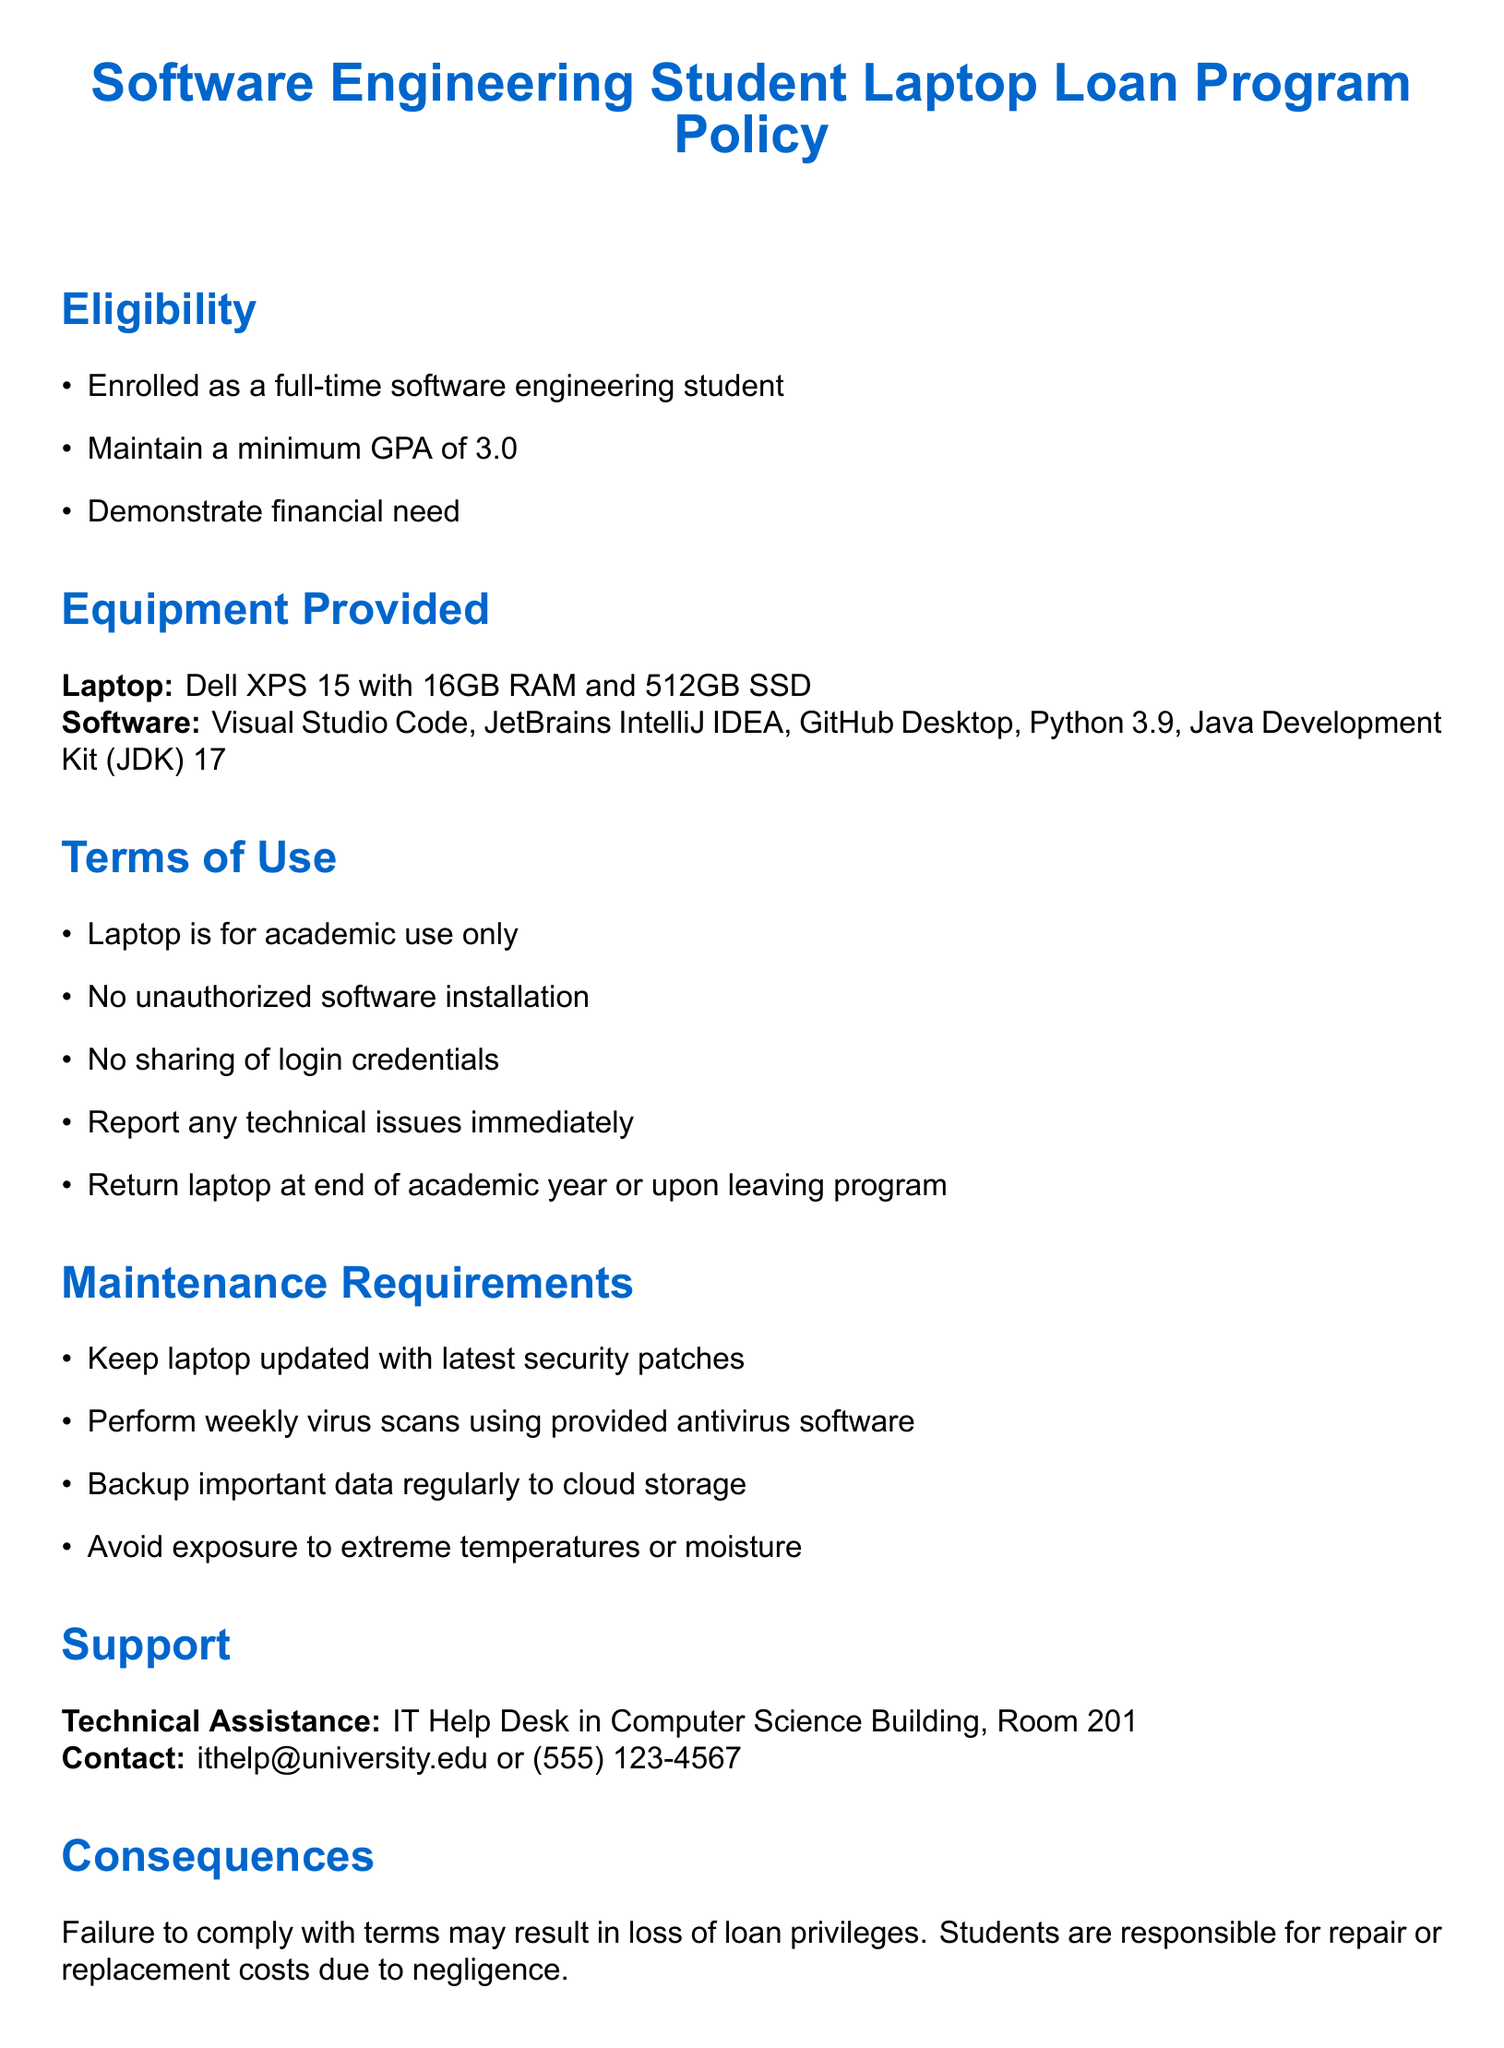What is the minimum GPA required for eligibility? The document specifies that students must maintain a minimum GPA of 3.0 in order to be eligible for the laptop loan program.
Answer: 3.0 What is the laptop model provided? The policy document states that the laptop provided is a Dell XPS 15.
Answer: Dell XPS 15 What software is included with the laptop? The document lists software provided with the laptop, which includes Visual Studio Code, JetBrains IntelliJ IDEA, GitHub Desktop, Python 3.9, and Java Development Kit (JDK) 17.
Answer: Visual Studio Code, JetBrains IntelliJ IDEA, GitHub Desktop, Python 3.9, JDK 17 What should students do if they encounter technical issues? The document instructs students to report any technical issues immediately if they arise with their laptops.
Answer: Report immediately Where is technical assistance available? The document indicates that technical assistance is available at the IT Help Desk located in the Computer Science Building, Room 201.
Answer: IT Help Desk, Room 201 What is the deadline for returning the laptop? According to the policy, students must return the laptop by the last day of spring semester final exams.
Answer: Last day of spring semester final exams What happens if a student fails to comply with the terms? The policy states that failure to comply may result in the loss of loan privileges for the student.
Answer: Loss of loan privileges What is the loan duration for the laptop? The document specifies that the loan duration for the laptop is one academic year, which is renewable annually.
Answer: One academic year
********************
Return the opening line of the data above and every line after it up to and including the line that holds "Answer: 3.0 What"; pictures stay out.

What is the minimum GPA required for eligibility? The document specifies that students must maintain a minimum GPA of 3.0 in order to be eligible for the laptop loan program.
Answer: 3.0 What is the laptop model provided? The policy document states that the laptop provided is a Dell XPS 15.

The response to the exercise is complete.